_Data records_

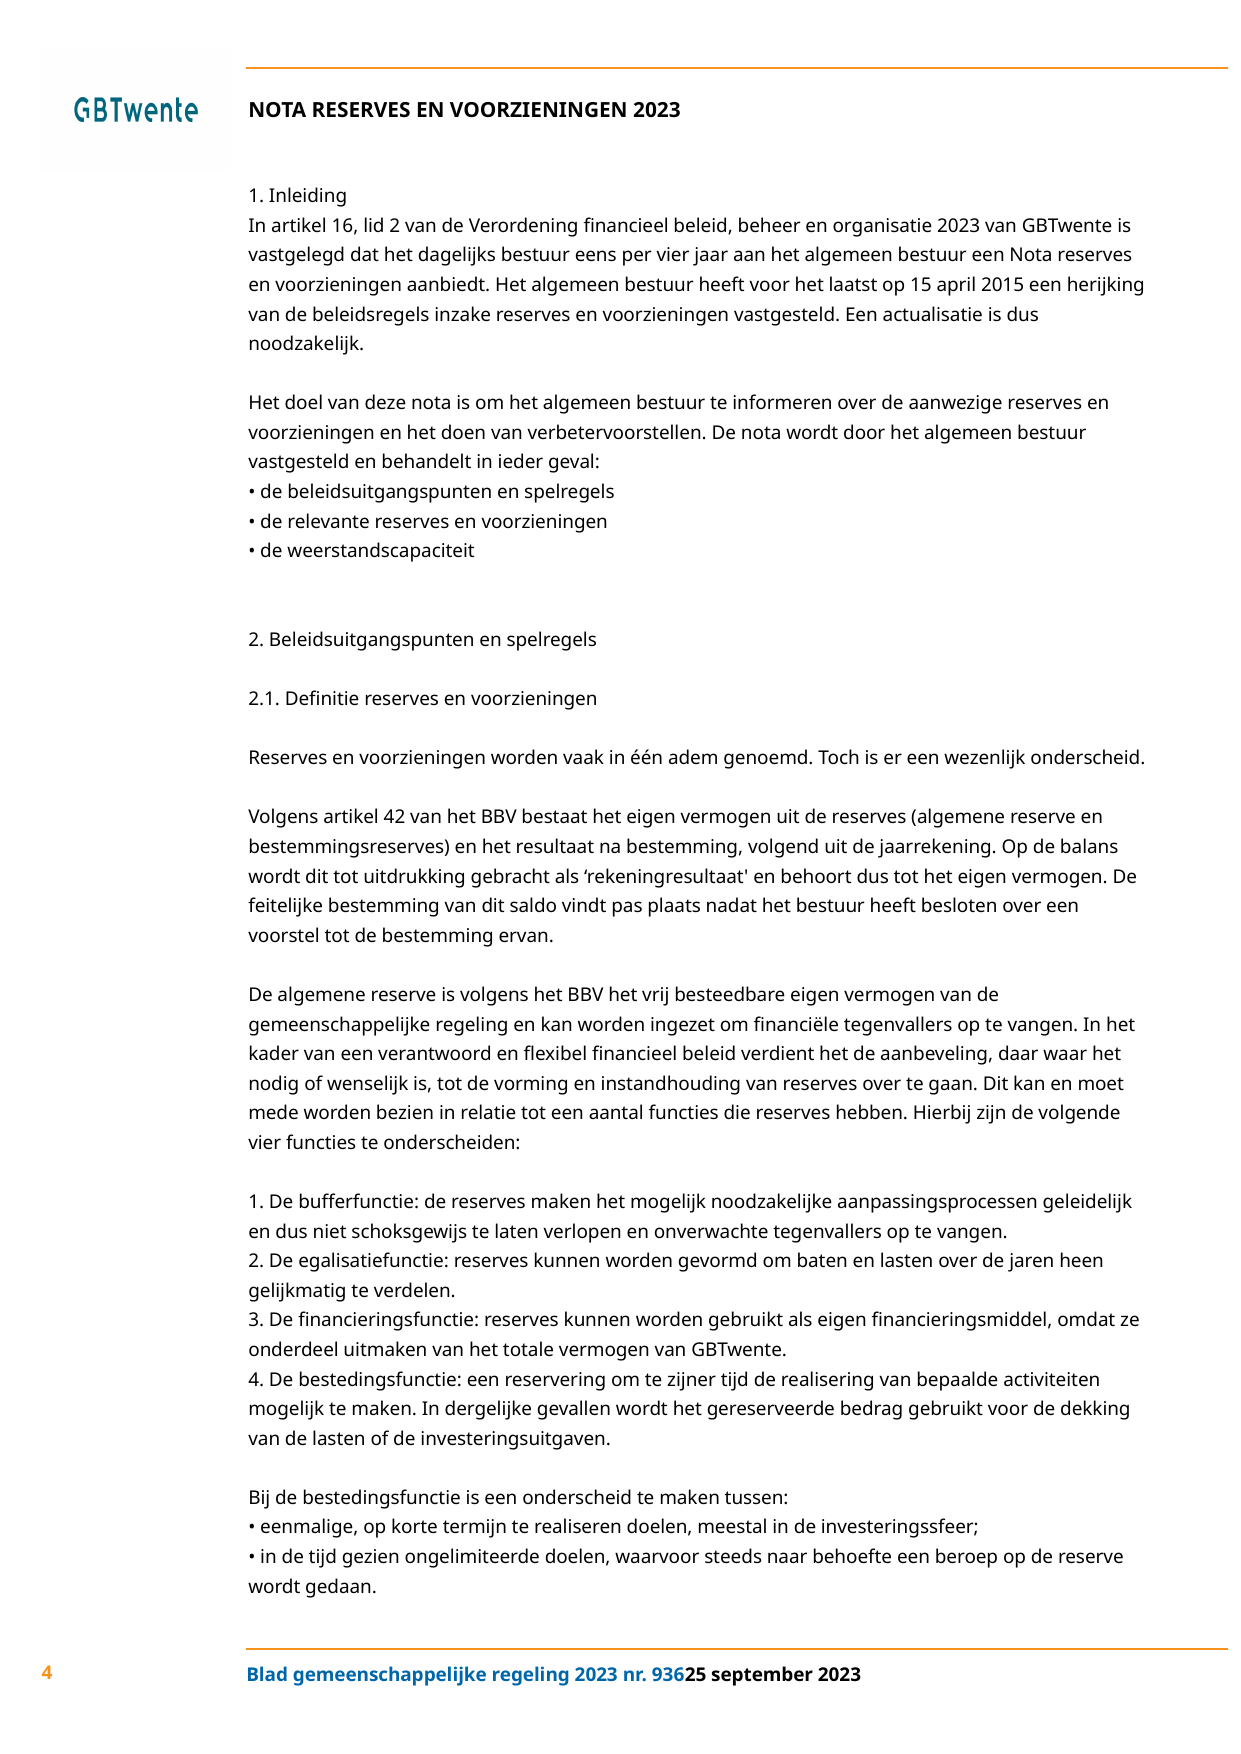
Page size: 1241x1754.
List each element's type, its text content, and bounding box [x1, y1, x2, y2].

text 1. Inleiding [248, 182, 1152, 208]
text Het doel van deze nota is om het algemeen bestuur te informeren over de aanwezige reserves en voorzieningen en het doen van verbetervoorstellen. De nota wordt door het algemeen bestuur vastgesteld en behandelt in ieder geval: [248, 389, 1152, 474]
text 3. De financieringsfunctie: reserves kunnen worden gebruikt als eigen financieringsmiddel, omdat ze onderdeel uitmaken van het totale vermogen van GBTwente. [248, 1307, 1152, 1362]
text Bij de bestedingsfunctie is een onderscheid te maken tussen: [248, 1484, 1152, 1510]
text 1. De bufferfunctie: de reserves maken het mogelijk noodzakelijke aanpassingsprocessen geleidelijk en dus niet schoksgewijs te laten verlopen en onverwachte tegenvallers op te vangen. [248, 1188, 1152, 1244]
text Volgens artikel 42 van het BBV bestaat het eigen vermogen uit de reserves (algemene reserve en bestemmingsreserves) en het resultaat na bestemming, volgend uit de jaarrekening. Op de balans wordt dit tot uitdrukking gebracht als ‘rekeningresultaat' en behoort dus tot het eigen vermogen. De feitelijke bestemming van dit saldo vindt pas plaats nadat het bestuur heeft besloten over een voorstel tot de bestemming ervan. [248, 804, 1152, 948]
text • de beleidsuitgangspunten en spelregels [248, 478, 1152, 504]
text • de relevante reserves en voorzieningen [248, 508, 1152, 534]
text In artikel 16, lid 2 van de Verordening financieel beleid, beheer en organisatie 2023 van GBTwente is vastgelegd dat het dagelijks bestuur eens per vier jaar aan het algemeen bestuur een Nota reserves en voorzieningen aanbiedt. Het algemeen bestuur heeft voor het laatst op 15 april 2015 een herijking van de beleidsregels inzake reserves en voorzieningen vastgesteld. Een actualisatie is dus noodzakelijk. [248, 212, 1152, 356]
picture [41, 47, 231, 172]
text • eenmalige, op korte termijn te realiseren doelen, meestal in de investeringssfeer; [248, 1514, 1152, 1539]
text NOTA RESERVES EN VOORZIENINGEN 2023 [248, 95, 1152, 123]
text 2.1. Definitie reserves en voorzieningen [248, 685, 1152, 711]
text 4. De bestedingsfunctie: een reservering om te zijner tijd de realisering van bepaalde activiteiten mogelijk te maken. In dergelijke gevallen wordt het gereserveerde bedrag gebruikt voor de dekking van de lasten of de investeringsuitgaven. [248, 1366, 1152, 1451]
text Reserves en voorzieningen worden vaak in één adem genoemd. Toch is er een wezenlijk onderscheid. [248, 744, 1152, 770]
text • de weerstandscapaciteit [248, 537, 1152, 563]
text De algemene reserve is volgens het BBV het vrij besteedbare eigen vermogen van de gemeenschappelijke regeling en kan worden ingezet om financiële tegenvallers op te vangen. In het kader van een verantwoord en flexibel financieel beleid verdient het de aanbeveling, daar waar het nodig of wenselijk is, tot de vorming en instandhouding van reserves over te gaan. Dit kan en moet mede worden bezien in relatie tot een aantal functies die reserves hebben. Hierbij zijn de volgende vier functies te onderscheiden: [248, 981, 1152, 1155]
text 2. Beleidsuitgangspunten en spelregels [248, 626, 1152, 652]
text • in de tijd gezien ongelimiteerde doelen, waarvoor steeds naar behoefte een beroep op de reserve wordt gedaan. [248, 1543, 1152, 1599]
text 2. De egalisatiefunctie: reserves kunnen worden gevormd om baten en lasten over de jaren heen gelijkmatig te verdelen. [248, 1247, 1152, 1303]

_Instructions to follow_
Only the lines from the start of the records to the one containing "text 1. Inleiding [248, 182, 1152, 208]" should be repeated, exactly and with both ends kept; drop any pictures.

_Answer box_
Page size: 1241x1754.
List each element's type, its text content, and bounding box [x1, y1, x2, y2].

text 1. Inleiding [248, 182, 1152, 208]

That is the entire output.